Yes, I’m definitely finishing out the rest of the school year at The Wooden Barn, but as for next year, I’ll just have to see.
DJ will be flying home to Florida later in the afternoon. Now, in the middle of the day, she and I are sprawled on our beds, nervously trying to kill time. My suitcase is all packed and zipped, and I’m waiting for my parents’ car to pull up outside the dorm. I’m listening like a dog for the crunch of tires over snow.
“So what are you going to do over break?” DJ asks.
“Sleep late, for one thing,” I say.
“Oh, me too,” she says.
“And buy clothes that aren’t made of flannel,” I add. “Hang out with my little brother.” Leo, fellow other-world traveler. “Talk to Griffin and Sierra. Eat pizza. That kind of thing.”
“Sounds nice,” says DJ. “Speaking of pizza, I’m starving.”
“Is that code for ‘I’m about to have a binge emergency’?”
“No, it’s code for ‘I’m starving.’ I barely ate breakfast,” she says.
“Me either.”
“I’m kind of jangled,” DJ tells me. “Rebecca and I had an emotional farewell. I just know her parents are going to try to brainwash her when she’s back home. They’re going to tell her being queer is only a phase. I just hope she stays strong. Strong and queer.”
“She will.”
“Anyway, my stomach was all clenched during breakfast, which is why I hardly ate.”
“Don’t you have some crackers hidden somewhere, DJ?” I ask.
“Yeah.”
“So go get them.”
She extracts a box of crackers from deep under her desk, and I go to my dresser drawer and root around, and then I pull out the jar of Tiptree Little Scarlet Strawberry jam that I decided I was never going to open as long as I lived.
I study the label now, and feel the jar’s cool, smooth glass surface.

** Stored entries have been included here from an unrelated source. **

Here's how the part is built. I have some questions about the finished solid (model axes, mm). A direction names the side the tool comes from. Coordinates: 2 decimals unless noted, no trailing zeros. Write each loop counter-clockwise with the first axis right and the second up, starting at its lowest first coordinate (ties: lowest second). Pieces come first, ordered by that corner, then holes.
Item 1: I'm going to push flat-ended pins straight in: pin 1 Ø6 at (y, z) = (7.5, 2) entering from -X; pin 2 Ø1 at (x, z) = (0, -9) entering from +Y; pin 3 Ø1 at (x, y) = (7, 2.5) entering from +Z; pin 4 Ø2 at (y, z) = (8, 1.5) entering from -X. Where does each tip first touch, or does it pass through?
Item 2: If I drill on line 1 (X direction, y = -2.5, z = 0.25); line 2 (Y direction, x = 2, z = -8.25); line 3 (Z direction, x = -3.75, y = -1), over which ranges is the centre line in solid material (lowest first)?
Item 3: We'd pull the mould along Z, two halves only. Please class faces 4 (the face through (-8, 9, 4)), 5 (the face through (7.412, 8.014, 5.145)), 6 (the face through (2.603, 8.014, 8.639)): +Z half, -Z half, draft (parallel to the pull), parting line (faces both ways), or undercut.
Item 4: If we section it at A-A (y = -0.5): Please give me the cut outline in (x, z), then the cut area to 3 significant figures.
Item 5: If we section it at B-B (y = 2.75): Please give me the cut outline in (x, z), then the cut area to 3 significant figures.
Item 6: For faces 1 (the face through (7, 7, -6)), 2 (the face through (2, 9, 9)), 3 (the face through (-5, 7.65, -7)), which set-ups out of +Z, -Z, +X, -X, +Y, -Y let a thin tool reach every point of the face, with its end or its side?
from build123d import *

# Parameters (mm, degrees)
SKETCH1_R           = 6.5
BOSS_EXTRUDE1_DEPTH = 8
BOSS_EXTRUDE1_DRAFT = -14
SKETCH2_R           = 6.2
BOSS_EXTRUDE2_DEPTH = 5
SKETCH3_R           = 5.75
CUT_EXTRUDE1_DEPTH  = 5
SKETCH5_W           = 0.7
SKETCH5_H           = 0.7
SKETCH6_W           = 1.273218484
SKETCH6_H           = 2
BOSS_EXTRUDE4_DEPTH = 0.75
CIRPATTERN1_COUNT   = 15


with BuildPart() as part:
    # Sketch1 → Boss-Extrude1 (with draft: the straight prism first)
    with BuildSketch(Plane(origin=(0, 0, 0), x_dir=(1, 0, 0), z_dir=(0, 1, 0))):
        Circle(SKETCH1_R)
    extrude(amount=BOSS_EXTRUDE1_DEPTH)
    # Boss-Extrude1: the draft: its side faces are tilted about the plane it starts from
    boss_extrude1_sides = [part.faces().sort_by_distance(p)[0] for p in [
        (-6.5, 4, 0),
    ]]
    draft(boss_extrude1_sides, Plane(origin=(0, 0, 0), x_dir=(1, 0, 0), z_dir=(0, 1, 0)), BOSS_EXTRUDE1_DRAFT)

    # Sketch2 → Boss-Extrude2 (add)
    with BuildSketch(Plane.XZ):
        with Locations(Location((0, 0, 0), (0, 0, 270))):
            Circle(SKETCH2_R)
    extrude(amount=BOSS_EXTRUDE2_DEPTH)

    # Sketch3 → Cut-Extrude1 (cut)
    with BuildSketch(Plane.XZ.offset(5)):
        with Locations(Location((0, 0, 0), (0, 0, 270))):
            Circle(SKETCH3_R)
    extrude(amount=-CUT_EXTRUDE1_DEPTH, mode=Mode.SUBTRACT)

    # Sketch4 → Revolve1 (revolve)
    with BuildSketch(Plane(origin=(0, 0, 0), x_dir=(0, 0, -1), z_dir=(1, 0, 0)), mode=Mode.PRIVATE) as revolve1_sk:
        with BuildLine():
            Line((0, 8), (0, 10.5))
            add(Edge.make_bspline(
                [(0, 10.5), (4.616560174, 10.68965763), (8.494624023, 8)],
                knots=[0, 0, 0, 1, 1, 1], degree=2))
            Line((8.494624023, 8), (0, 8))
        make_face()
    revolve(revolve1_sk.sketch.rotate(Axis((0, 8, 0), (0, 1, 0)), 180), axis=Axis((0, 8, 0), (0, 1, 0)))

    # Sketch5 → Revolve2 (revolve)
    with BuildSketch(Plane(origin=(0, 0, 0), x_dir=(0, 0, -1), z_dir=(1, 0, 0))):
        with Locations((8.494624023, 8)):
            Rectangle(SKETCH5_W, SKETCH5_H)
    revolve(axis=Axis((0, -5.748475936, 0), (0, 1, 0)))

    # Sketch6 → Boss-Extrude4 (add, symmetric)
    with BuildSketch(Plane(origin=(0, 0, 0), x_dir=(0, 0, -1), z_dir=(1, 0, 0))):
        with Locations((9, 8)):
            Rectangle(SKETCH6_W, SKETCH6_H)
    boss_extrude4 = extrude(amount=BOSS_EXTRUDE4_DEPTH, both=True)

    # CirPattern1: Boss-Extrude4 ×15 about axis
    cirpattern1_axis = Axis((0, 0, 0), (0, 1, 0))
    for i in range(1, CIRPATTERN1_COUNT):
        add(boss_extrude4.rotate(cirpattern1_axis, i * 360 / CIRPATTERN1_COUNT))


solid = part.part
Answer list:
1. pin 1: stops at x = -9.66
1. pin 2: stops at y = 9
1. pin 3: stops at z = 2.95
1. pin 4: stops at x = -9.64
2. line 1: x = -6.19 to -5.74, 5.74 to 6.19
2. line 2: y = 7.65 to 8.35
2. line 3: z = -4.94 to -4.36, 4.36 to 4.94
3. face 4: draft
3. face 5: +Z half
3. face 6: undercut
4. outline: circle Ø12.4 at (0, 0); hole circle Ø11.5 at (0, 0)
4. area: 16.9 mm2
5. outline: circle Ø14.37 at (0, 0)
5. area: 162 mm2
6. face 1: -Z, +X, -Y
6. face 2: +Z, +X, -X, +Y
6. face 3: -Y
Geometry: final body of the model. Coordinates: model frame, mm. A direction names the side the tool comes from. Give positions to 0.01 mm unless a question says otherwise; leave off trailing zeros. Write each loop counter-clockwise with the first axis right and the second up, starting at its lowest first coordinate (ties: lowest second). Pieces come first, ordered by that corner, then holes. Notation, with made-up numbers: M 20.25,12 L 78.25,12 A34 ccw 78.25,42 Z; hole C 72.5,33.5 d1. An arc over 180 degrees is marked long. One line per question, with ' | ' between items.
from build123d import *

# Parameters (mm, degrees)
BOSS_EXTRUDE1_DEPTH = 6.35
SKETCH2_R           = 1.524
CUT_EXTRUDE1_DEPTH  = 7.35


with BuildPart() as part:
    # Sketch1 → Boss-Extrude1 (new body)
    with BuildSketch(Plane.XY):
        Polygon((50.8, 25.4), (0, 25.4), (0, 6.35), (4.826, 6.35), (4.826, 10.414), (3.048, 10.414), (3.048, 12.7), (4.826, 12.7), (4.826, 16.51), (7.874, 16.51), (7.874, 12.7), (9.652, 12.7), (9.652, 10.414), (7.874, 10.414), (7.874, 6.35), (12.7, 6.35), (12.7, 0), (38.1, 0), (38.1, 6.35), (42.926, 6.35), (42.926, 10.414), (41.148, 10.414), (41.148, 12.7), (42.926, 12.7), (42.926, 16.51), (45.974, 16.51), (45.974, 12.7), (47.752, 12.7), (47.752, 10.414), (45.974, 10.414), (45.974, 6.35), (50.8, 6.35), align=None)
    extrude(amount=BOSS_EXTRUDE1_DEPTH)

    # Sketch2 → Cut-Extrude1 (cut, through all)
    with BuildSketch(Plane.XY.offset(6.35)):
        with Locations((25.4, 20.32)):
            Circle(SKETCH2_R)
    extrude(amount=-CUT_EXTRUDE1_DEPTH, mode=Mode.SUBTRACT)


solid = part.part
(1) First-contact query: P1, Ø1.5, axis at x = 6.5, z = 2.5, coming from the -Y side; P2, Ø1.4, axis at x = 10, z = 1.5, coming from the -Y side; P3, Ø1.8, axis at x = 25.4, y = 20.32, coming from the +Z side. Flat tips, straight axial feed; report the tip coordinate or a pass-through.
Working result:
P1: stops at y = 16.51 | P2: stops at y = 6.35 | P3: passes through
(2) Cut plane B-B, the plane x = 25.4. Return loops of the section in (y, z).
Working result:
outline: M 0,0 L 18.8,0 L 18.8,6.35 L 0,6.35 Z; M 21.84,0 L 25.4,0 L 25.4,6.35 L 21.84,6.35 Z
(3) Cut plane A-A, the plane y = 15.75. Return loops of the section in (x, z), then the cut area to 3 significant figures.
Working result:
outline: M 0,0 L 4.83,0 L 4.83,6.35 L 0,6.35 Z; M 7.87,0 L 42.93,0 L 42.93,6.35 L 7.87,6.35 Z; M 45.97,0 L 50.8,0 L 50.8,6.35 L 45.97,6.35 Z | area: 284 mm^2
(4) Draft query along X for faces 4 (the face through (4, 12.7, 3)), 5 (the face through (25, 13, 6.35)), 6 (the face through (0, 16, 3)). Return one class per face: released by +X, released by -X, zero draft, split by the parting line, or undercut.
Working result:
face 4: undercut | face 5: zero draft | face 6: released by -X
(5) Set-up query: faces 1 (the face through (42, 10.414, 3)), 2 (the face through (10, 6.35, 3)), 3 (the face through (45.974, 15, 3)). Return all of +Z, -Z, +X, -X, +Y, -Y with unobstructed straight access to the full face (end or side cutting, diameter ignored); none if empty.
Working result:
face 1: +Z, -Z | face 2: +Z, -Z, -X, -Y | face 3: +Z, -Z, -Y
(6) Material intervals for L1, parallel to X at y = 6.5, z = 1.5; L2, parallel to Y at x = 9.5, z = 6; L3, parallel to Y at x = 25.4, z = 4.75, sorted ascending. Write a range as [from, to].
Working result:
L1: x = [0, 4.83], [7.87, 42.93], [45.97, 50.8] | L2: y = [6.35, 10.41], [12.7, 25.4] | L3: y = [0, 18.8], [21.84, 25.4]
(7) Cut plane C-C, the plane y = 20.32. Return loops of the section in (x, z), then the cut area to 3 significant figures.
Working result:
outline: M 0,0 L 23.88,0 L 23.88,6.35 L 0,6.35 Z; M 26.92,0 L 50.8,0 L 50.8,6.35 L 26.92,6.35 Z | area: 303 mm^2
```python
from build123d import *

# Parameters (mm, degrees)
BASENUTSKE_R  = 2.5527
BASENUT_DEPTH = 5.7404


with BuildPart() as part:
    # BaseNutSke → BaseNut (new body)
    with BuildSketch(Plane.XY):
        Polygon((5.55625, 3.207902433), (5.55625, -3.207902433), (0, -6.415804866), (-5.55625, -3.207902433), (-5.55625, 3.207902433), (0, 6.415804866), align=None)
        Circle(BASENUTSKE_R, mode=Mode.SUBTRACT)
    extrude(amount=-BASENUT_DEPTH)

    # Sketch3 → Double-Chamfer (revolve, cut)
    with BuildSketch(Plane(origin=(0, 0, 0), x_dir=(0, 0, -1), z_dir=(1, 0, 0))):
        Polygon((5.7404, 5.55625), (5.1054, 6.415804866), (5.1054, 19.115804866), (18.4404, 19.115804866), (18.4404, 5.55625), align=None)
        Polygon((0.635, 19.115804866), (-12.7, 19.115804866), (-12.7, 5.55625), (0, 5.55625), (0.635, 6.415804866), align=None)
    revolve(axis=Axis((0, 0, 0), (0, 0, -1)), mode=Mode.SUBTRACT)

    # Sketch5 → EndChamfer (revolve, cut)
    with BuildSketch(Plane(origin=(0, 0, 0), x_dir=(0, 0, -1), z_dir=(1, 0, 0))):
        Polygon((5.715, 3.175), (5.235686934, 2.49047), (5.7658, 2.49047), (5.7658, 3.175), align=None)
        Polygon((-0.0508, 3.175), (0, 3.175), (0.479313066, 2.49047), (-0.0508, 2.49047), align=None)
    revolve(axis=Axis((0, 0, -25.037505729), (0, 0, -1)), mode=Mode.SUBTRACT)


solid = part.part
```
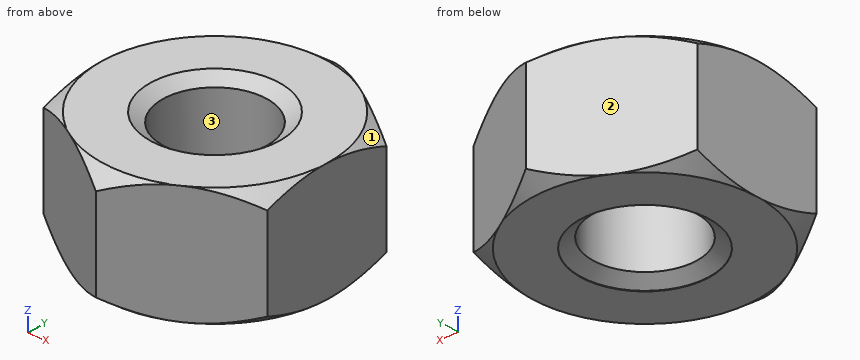
Source: CAD feature listing. Evaluate the final solid. Frame: model axes, mm. Face numbers are marked on the shaded views. Give positions to 0.01 mm unless a question says otherwise; leave off trailing zeros. Write each loop counter-clockwise with the first axis right and the second up, starting at its lowest first coordinate (ties: lowest second). Pieces come first, ordered by that corner, then holes.
1. Section query A-A (z = -3.2). Return the cut outline in (x, y), then the cut area to 3 significant figures.
2. First-contact query: pin 1 (4.5 mm diameter, centred on x = 0, y = 0, fed in from -Z); pin 2 (1.5 mm diameter, centred on x = 0.5, z = -2.5, fed in from +Y); pin 3 (1 mm diameter, centred on x = 1, z = -5, fed in from -Y); pin 4 (1.5 mm diameter, centred on x = -2.5, z = -4.5, fed in from +Y). Flat tips, straight axial feed; report the tip coordinate or a pass-through.
3. Material intervals for line 1 along X through (y, z) = (0, -2.15); line 2 along Y through (x, z) = (-0.25, -1.15); line 3 along Y through (x, z) = (0, -5.65), sorted ascending.
4. Pull-direction query (X, two-part tool) for the marked faces 1, 2 and 3; classes: +X half, -X half, draft (parallel to the pull), parting line (faces both ways), or undercut.
Output values:
1. outline: (-5.56, -3.21) - (0, -6.42) - (5.56, -3.21) - (5.56, 3.21) - (0, 6.42) - (-5.56, 3.21) - close; hole circle Ø5.11 at (0, 0)
1. area: 86.5 mm2
2. pin 1: passes through
2. pin 2: stops at y = 6.42
2. pin 3: stops at y = -6.13
2. pin 4: stops at y = 5.41
3. line 1: x = -5.56 to -2.55, 2.55 to 5.56
3. line 2: y = -6.27 to -2.54, 2.54 to 6.27
3. line 3: y = -5.68 to -3.08, 3.08 to 5.68
4. face 1: +X half
4. face 2: -X half
4. face 3: undercut
CAD build for the part. Positions are in the model's coordinates, mm. A direction names the side the tool comes from. Round coordinates to 2 decimals unless told otherwise and drop trailing zeros. Order: outer loops, then holes, each group sorted by start corner. A loop starts at its lowest first (then second) coordinate and runs counter-clockwise, first axis right, second up.
```python
from build123d import *

# Parameters (mm, degrees)
SKETCH1_R           = 6.35
BOSS_EXTRUDE1_DEPTH = 12.7
SKETCH1_3_R         = 3.175
BOSS_EXTRUDE2_DEPTH = 6.35
SKETCH1_4_R         = 3.175
BOSS_EXTRUDE3_DEPTH = 99.06


with BuildPart() as part:
    # Sketch1 → Boss-Extrude1 (new body)
    with BuildSketch(Plane.XY):
        Circle(SKETCH1_R)
    extrude(amount=-BOSS_EXTRUDE1_DEPTH)

    # Sketch1<3> → Boss-Extrude2 (add)
    with BuildSketch(Plane.XY):
        with BuildLine():
            Line((9.510289567, -57.679166667), (12.680386089, -0.705555556))
            ThreePointArc((12.680386089, -0.705555556), (0, 12.7), (-12.680386089, -0.705555556))
            Line((-12.680386089, -0.705555556), (-9.510289567, -57.679166667))
            ThreePointArc((-9.510289567, -57.679166667), (0, -66.675), (9.510289567, -57.679166667))
        make_face()
        with Locations((0, -57.15)):
            Circle(SKETCH1_3_R, mode=Mode.SUBTRACT)
    extrude(amount=BOSS_EXTRUDE2_DEPTH)

    # Sketch1<4> → Boss-Extrude3 (add)
    with BuildSketch(Plane.XY):
        with Locations((0, -57.15)):
            Circle(SKETCH1_4_R)
    extrude(amount=BOSS_EXTRUDE3_DEPTH)


solid = part.part
```
1. Cut at B-B, the plane z = 47. Write the cut outline in (x, y) (3 decimals), and give its area (3 significant figures).
2. Pin check, flat tips, straight feed: P1, Ø4, axis at x = -1.5, z = -1.5, coming from the -Y side; P2, Ø12, axis at x = -7.5, y = 2, coming from the +Z side; P3, Ø7.5, axis at x = -6, y = -10, coming from the -Z side. Stop position of each tip, or through.
3. Cut at D-D, the plane z = 4. Write the cut outline in (x, y) (3 decimals), and give its area (3 significant figures).
4. Drill centre lines: line 1 (Z direction, x = 3, y = -26.5); line 2 (Z direction, x = -0.25, y = 6); line 3 (Y direction, x = 3.25, z = 0.5). Where is each one in solid material? Low to high.
5. Tool access for faces 1 (the face through (1.707, -54.473, 52.056)), 2 (the face through (0, 0, -12.7)), 3 (the face through (-1.38, -6.2, -6.26)): list every direction of +Z, -Z, +X, -X, +Y, -Y with a clear straight run to the whole face (end or side of a thin tool).
6. Cut at A-A, the plane x = 0. Write the cut outline in (y, z) (3 decimals), and give its area (3 significant figures).
7. Cut at C-C, the plane y = -37.5. Write the cut outline in (x, z).
Outcome:
1. outline: circle Ø6.35 at (0, -57.15)
1. area: 31.7 mm2
2. P1: stops at y = -66.67
2. P2: stops at z = 6.35
2. P3: stops at z = 0
3. outline: (-12.68, -0.706) - (-9.51, -57.679) arc R9.525 ccw to (9.51, -57.679) - (12.68, -0.706) arc R12.7 ccw (long way) to start
3. area: 1,670 mm2
4. line 1: z = 0 to 6.35
4. line 2: z = -12.7 to 6.35
4. line 3: y = -66.1 to 12.28
5. face 1: +Z
5. face 2: -Z, +X, -X, +Y, -Y
5. face 3: -Z
6. outline: (-66.675, 0) - (-6.35, 0) - (-6.35, -12.7) - (6.35, -12.7) - (6.35, 0) - (12.7, 0) - (12.7, 6.35) - (-53.975, 6.35) - (-53.975, 99.06) - (-60.325, 99.06) - (-60.325, 6.35) - (-66.675, 6.35) - close
6. area: 1,250 mm2
7. outline: (-10.63, 0) - (10.63, 0) - (10.63, 6.35) - (-10.63, 6.35) - close
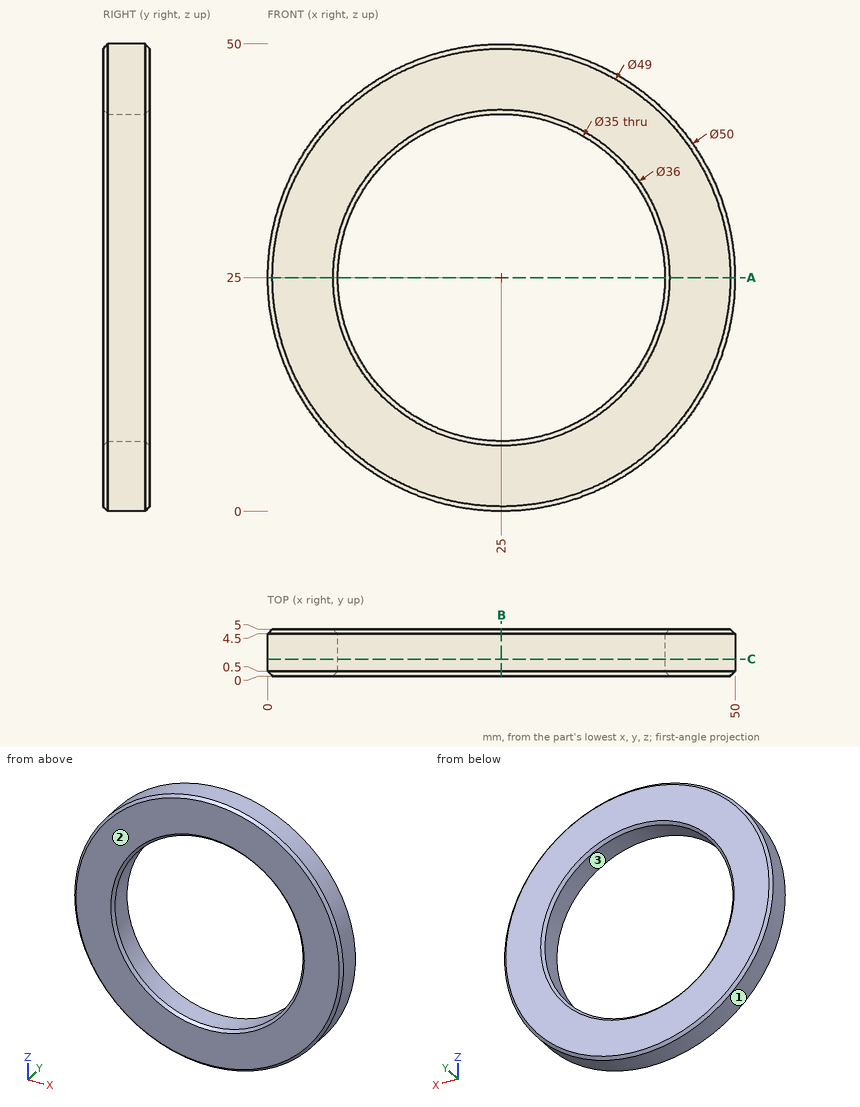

“This stuff is supposed to be pretty good,” I say, and then, trying to look casual, I grasp the lid of the jar and give it a turn. It makes a surprisingly sharp
pop,
as if it were releasing not just air, but something else that’s been dying to get out for a long time.
Then I sit cross-legged on my bed, leaning against the study buddy, facing DJ, and with a slightly bent knife stolen from the dining hall, I spread some of the dark red jam on a couple of crackers—one for her, and one for me. When I put mine in my mouth, the sweet taste startles me. I let it linger.